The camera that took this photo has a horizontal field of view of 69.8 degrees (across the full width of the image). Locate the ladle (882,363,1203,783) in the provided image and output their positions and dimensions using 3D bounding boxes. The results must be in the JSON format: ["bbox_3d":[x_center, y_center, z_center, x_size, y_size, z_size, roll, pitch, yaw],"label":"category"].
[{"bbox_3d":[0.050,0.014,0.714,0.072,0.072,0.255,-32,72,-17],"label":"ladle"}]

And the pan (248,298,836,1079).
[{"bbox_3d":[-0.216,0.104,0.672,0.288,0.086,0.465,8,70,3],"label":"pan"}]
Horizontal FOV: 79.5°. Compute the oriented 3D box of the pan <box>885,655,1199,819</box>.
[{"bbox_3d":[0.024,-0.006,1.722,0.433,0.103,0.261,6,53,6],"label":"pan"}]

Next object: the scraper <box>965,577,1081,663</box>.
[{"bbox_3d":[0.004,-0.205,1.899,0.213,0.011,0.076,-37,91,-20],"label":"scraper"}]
---
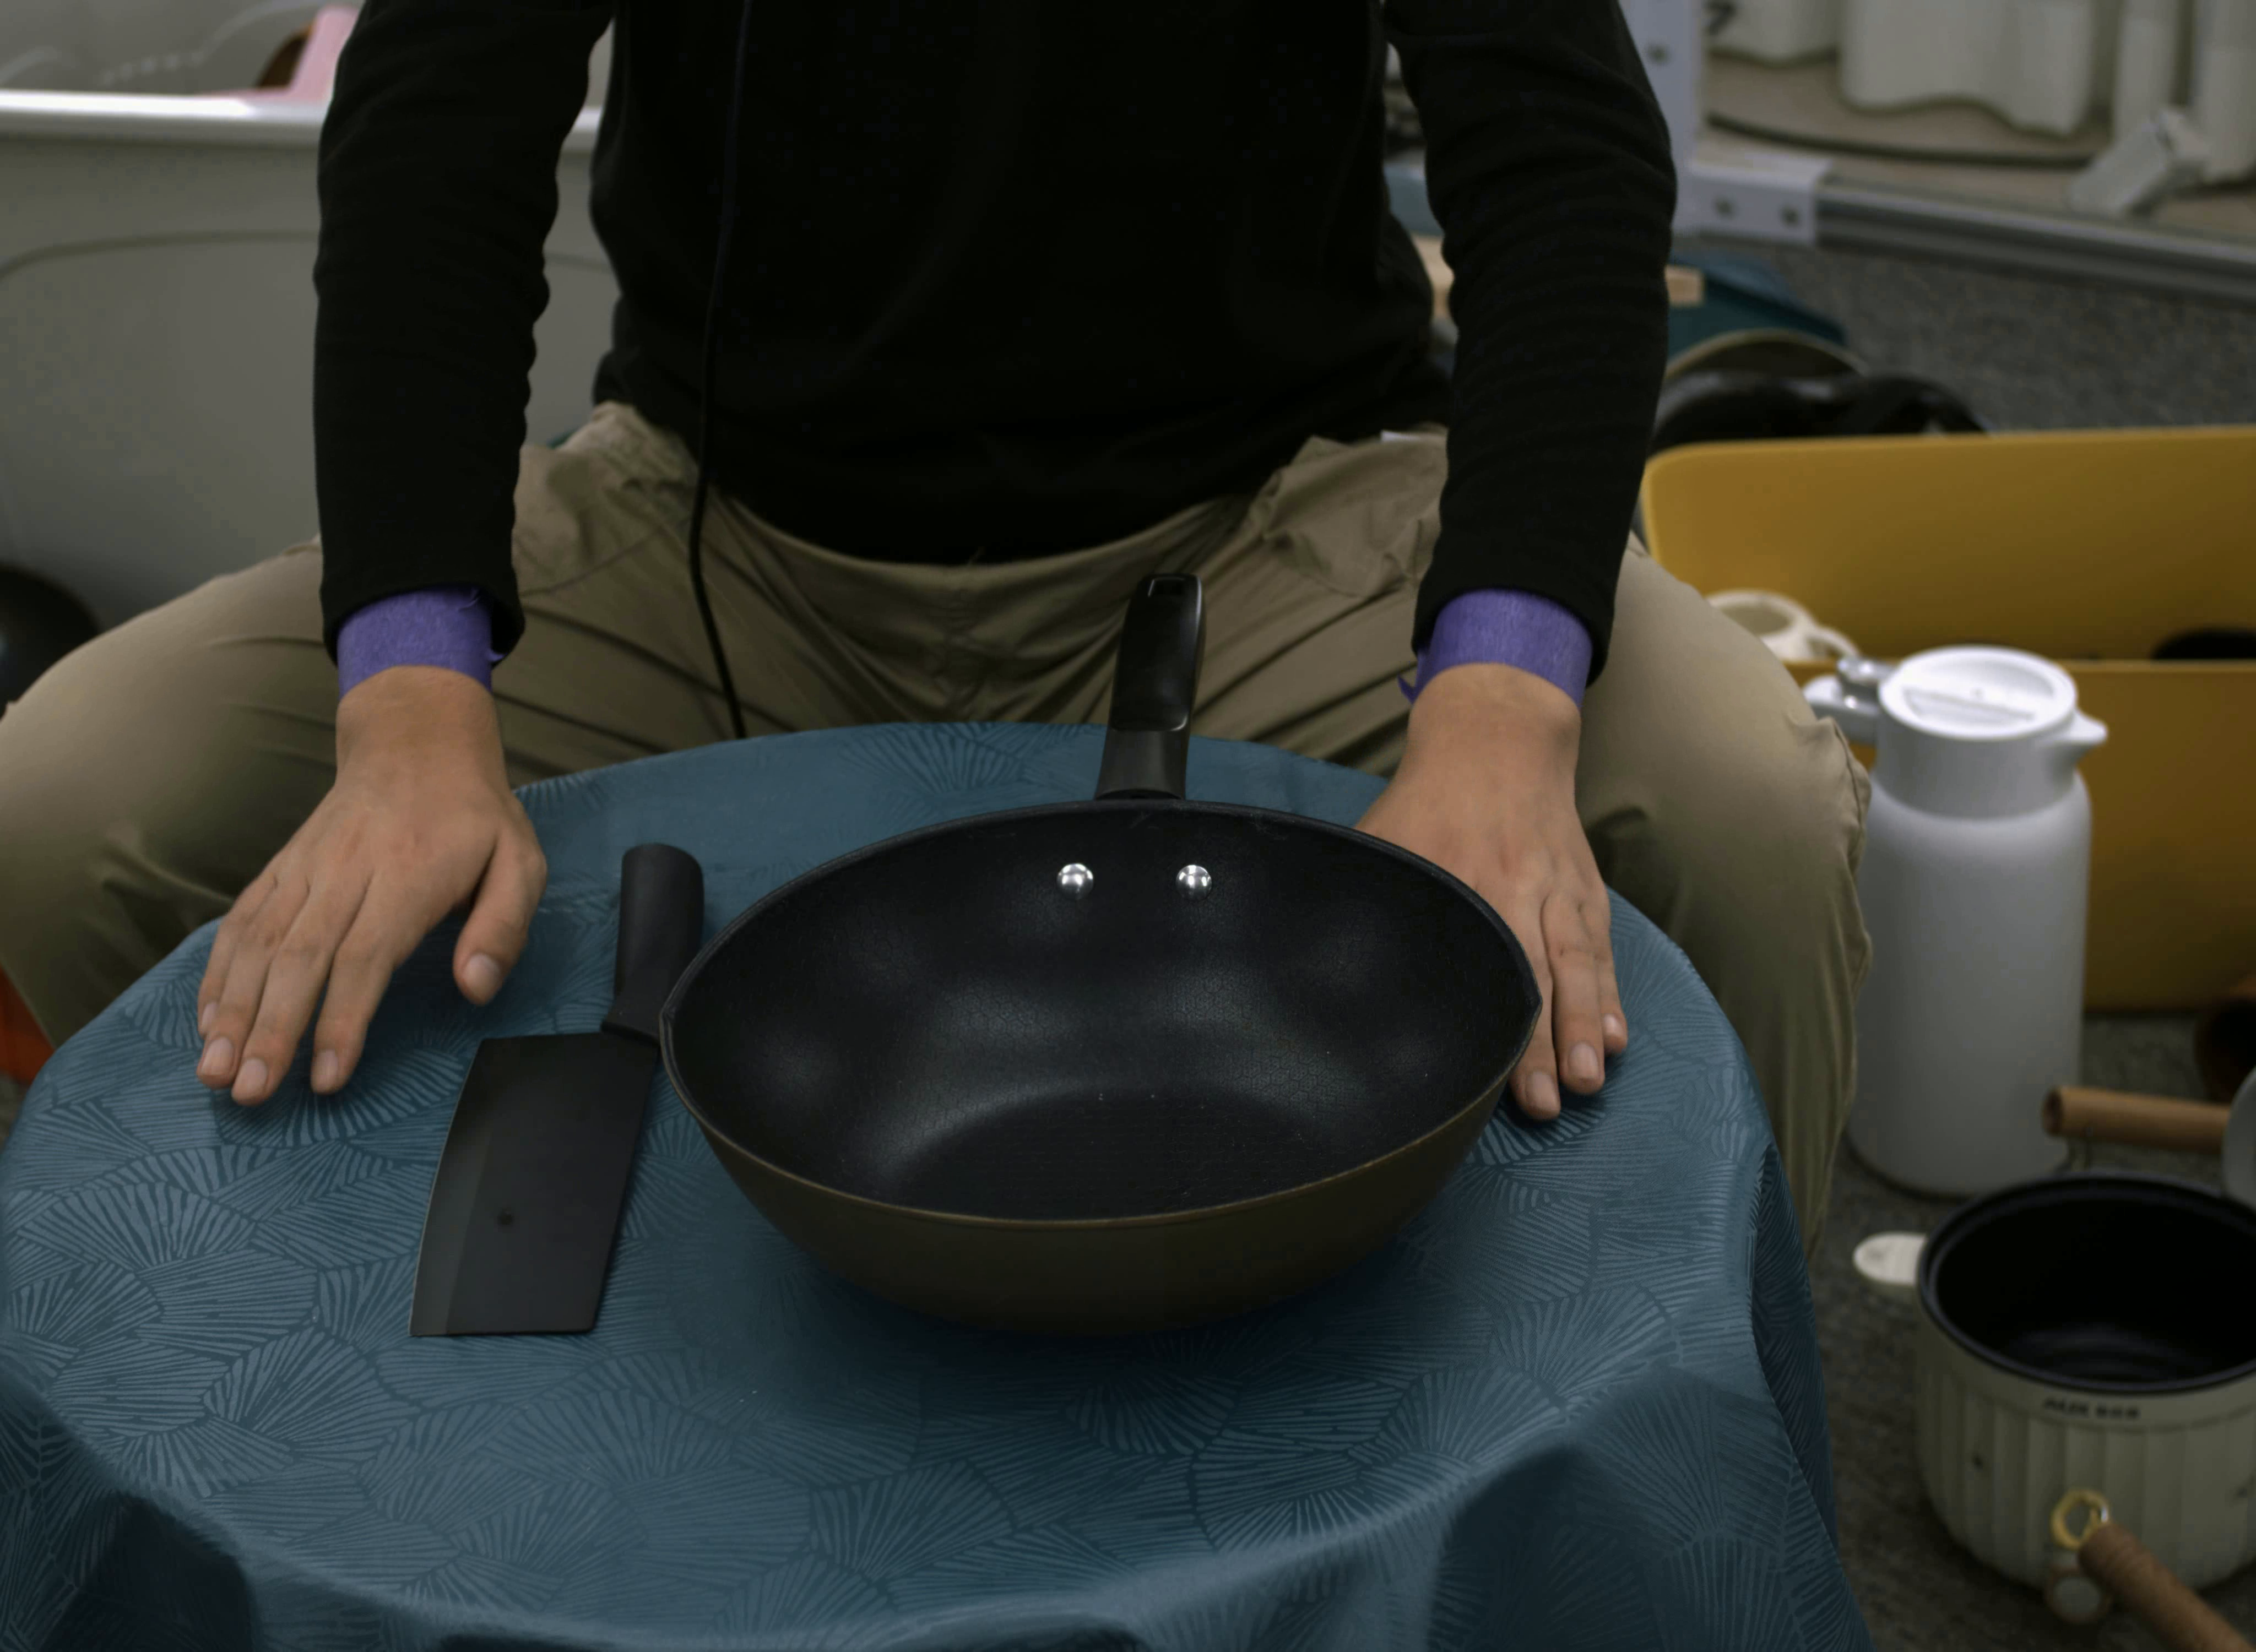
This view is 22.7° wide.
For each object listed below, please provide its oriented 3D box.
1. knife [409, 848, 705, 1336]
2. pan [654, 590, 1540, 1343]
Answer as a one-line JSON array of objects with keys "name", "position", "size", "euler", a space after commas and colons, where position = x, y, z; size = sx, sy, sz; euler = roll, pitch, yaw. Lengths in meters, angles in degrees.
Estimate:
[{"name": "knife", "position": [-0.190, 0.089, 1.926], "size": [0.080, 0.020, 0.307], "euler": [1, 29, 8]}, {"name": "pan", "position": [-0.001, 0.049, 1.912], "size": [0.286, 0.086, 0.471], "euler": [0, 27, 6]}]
==
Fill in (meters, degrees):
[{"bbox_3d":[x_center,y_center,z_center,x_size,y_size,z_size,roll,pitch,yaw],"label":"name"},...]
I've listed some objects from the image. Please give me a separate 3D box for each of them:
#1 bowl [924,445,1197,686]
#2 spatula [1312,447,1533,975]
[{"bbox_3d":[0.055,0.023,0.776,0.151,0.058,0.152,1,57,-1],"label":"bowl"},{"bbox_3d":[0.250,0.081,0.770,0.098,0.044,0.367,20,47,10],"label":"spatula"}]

→ **WHAT NEEDS TO BE DONE**
Across the whole listing, show each line where the word "listed" occurs.

→ **SOLUTION BELOW**
For each object listed below, please provide its oriented 3D box.
I've listed some objects from the image. Please give me a separate 3D box for each of them:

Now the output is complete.